#### SOURCE INFORMATION:
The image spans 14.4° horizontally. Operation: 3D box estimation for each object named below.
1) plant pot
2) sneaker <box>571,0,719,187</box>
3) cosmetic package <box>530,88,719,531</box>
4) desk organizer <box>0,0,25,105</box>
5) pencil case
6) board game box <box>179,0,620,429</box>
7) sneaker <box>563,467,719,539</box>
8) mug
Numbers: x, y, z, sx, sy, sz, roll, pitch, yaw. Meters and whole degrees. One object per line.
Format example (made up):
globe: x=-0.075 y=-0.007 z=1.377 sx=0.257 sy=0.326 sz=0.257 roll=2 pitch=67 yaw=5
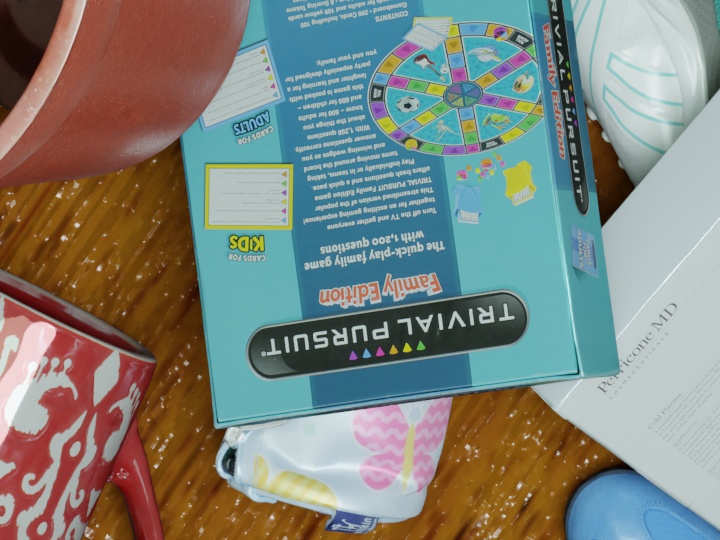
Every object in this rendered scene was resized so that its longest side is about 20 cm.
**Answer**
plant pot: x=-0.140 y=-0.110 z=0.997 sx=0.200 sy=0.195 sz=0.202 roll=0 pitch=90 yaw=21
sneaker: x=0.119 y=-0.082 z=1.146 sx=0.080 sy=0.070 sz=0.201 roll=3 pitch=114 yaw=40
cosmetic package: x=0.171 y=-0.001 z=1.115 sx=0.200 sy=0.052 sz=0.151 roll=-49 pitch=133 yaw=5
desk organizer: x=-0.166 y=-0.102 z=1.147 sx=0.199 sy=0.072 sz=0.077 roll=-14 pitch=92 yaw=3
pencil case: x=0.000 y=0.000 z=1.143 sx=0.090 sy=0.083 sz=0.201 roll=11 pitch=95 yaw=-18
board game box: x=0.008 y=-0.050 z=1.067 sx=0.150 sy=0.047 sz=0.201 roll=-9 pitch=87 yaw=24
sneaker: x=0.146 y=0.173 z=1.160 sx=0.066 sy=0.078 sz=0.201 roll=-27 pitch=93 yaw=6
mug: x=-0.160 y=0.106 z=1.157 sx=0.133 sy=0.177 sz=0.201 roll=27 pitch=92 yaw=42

#### WHAT TO DO:
When restating the records word for word, omit any picture they contain.

#### SOLUTION BELOW:
The image spans 14.4° horizontally. Operation: 3D box estimation for each object named below.
1) plant pot
2) sneaker <box>571,0,719,187</box>
3) cosmetic package <box>530,88,719,531</box>
4) desk organizer <box>0,0,25,105</box>
5) pencil case
6) board game box <box>179,0,620,429</box>
7) sneaker <box>563,467,719,539</box>
8) mug
Numbers: x, y, z, sx, sy, sz, roll, pitch, yaw. Meters and whole degrees. One object per line.
Format example (made up):
globe: x=-0.075 y=-0.007 z=1.377 sx=0.257 sy=0.326 sz=0.257 roll=2 pitch=67 yaw=5
Every object in this rendered scene was resized so that its longest side is about 20 cm.
**Answer**
plant pot: x=-0.140 y=-0.110 z=0.997 sx=0.200 sy=0.195 sz=0.202 roll=0 pitch=90 yaw=21
sneaker: x=0.119 y=-0.082 z=1.146 sx=0.080 sy=0.070 sz=0.201 roll=3 pitch=114 yaw=40
cosmetic package: x=0.171 y=-0.001 z=1.115 sx=0.200 sy=0.052 sz=0.151 roll=-49 pitch=133 yaw=5
desk organizer: x=-0.166 y=-0.102 z=1.147 sx=0.199 sy=0.072 sz=0.077 roll=-14 pitch=92 yaw=3
pencil case: x=0.000 y=0.000 z=1.143 sx=0.090 sy=0.083 sz=0.201 roll=11 pitch=95 yaw=-18
board game box: x=0.008 y=-0.050 z=1.067 sx=0.150 sy=0.047 sz=0.201 roll=-9 pitch=87 yaw=24
sneaker: x=0.146 y=0.173 z=1.160 sx=0.066 sy=0.078 sz=0.201 roll=-27 pitch=93 yaw=6
mug: x=-0.160 y=0.106 z=1.157 sx=0.133 sy=0.177 sz=0.201 roll=27 pitch=92 yaw=42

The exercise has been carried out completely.